# ABOUT THIS TASK
Beginning with the line that holds "Output: one line" in the data below, give again every line through the one that holds "Derive from this", exactly as written.

# PROVIDED RECORDS
┌────────
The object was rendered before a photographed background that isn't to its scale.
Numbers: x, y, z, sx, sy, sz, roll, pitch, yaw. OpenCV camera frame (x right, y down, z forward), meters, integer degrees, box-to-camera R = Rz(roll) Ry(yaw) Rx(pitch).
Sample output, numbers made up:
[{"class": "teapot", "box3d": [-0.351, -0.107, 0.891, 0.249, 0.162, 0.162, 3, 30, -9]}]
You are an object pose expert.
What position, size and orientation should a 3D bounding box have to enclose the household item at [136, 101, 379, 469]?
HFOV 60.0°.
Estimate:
└────────
┌────────
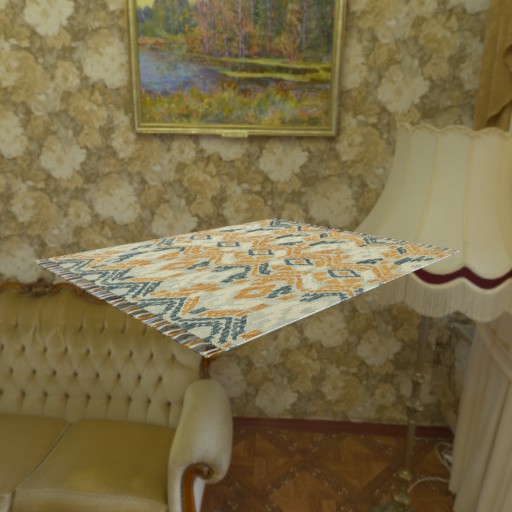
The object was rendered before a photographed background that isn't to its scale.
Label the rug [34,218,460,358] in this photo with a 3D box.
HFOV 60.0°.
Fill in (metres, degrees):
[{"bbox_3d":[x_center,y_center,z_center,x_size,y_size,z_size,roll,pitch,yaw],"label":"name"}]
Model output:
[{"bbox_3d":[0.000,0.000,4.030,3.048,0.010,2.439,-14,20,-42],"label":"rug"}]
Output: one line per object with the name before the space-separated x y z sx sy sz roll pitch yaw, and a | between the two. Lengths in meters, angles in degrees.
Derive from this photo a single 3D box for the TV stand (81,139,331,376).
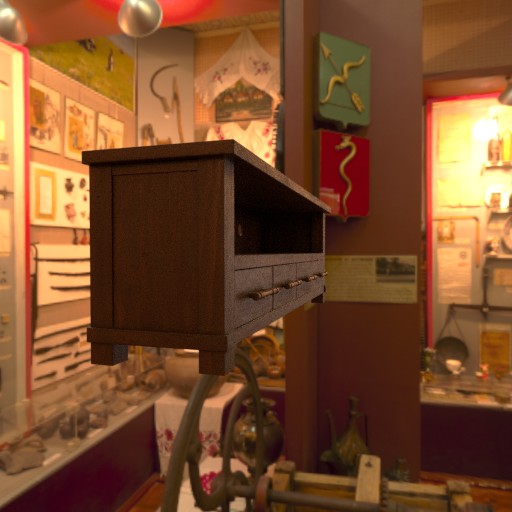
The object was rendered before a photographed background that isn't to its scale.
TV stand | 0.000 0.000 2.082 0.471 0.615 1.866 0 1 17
└────────
┌────────
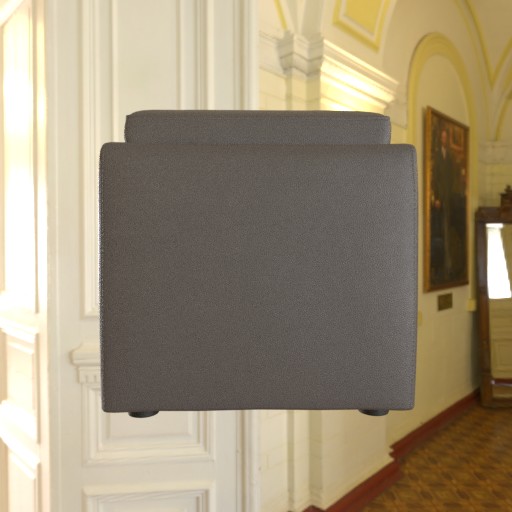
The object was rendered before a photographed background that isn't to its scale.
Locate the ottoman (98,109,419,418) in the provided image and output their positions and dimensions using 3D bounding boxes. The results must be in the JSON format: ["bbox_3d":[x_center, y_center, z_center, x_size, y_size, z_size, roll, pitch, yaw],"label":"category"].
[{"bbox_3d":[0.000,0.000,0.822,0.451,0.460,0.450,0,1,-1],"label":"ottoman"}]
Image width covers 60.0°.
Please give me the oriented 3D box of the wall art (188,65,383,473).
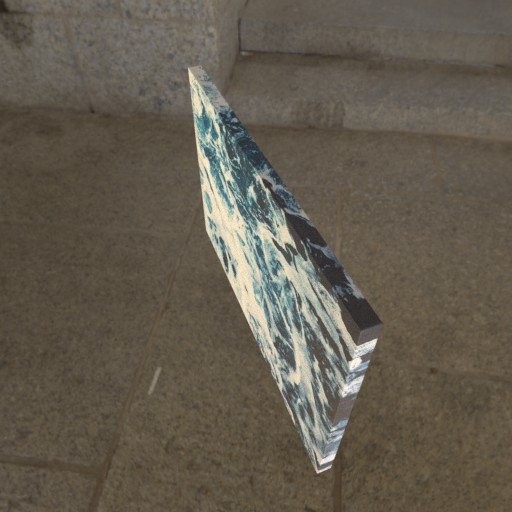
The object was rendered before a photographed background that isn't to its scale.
└────────
# COMPLETED TASK
Output: one line per object with the name before the space-separated x y z sx sy sz roll pitch yaw, and a | between the two. Lengths in meters, angles in degrees.
Derive from this photo a single 3D box for the TV stand (81,139,331,376).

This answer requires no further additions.